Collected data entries
= Beginning of Section =

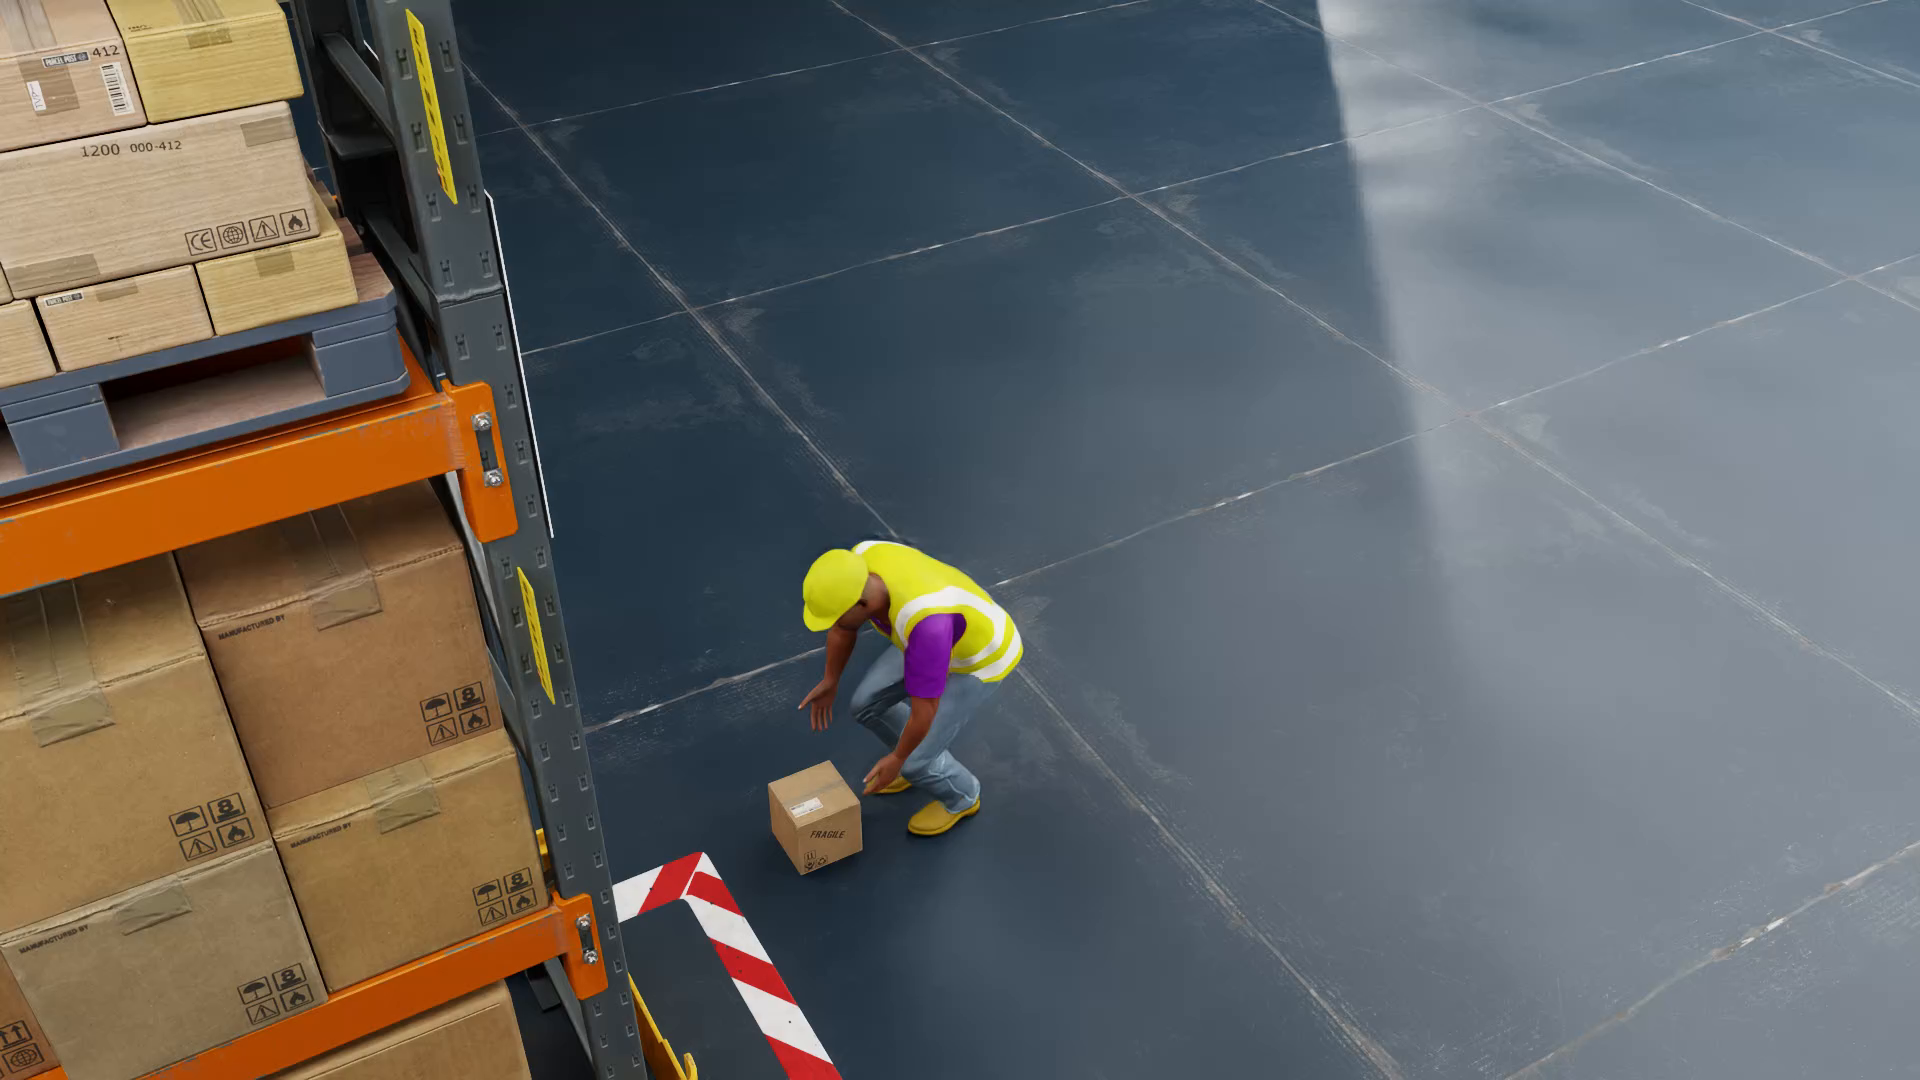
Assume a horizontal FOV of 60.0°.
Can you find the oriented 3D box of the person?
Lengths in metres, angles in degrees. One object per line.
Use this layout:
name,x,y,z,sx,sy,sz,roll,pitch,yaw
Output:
person,-0.162,0.501,5.861,0.817,1.283,0.627,-19,41,-24
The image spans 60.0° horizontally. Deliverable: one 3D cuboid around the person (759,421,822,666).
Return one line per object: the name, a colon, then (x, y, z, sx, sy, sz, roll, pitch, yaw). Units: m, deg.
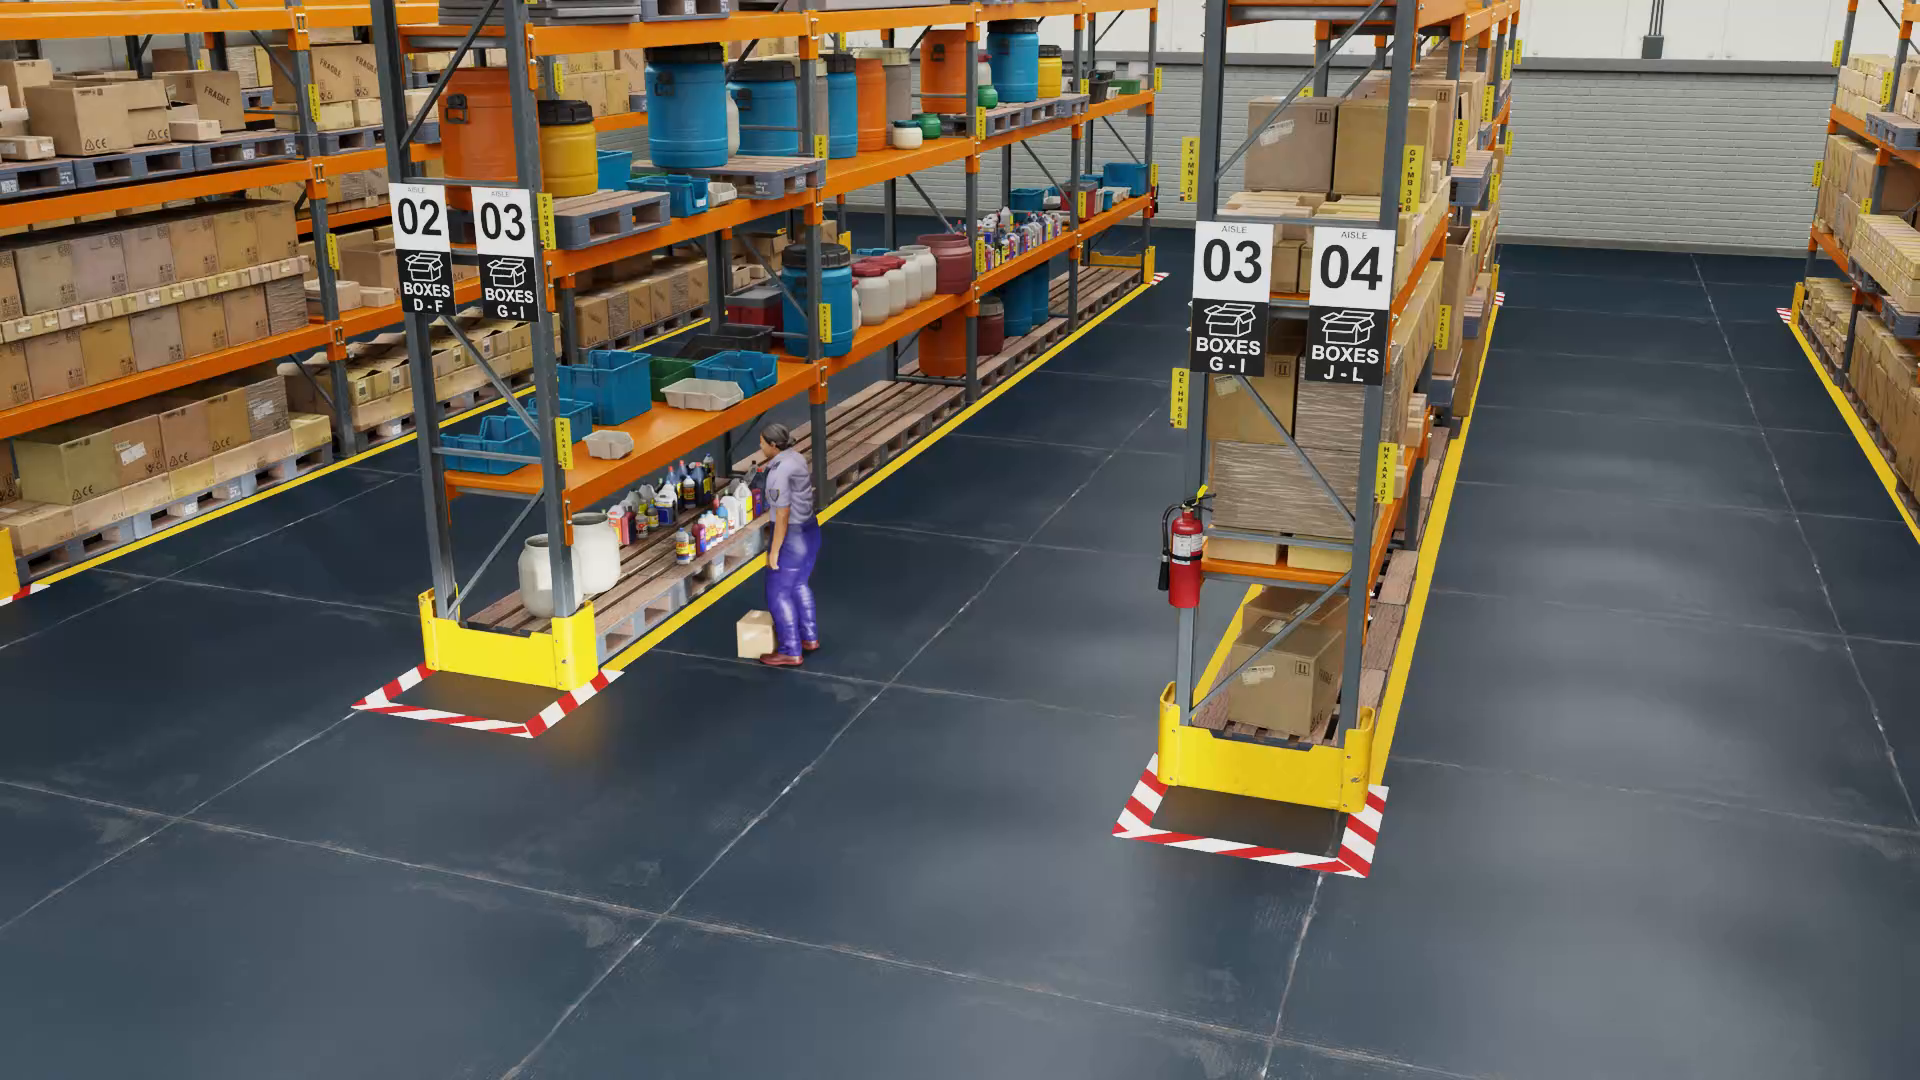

= End of Section =

**TASK TO COMPLETE:** Set the pictures aside and reproduce the data above exactly.

**RESPONSE BOX:**
Assume a horizontal FOV of 60.0°.
Can you find the oriented 3D box of the person?
Lengths in metres, angles in degrees. One object per line.
Use this layout:
name,x,y,z,sx,sy,sz,roll,pitch,yaw
Output:
person,-0.162,0.501,5.861,0.817,1.283,0.627,-19,41,-24
The image spans 60.0° horizontally. Deliverable: one 3D cuboid around the person (759,421,822,666).
Return one line per object: the name, a colon, then (x, y, z, sx, sy, sz, roll, pitch, yaw). Units: m, deg.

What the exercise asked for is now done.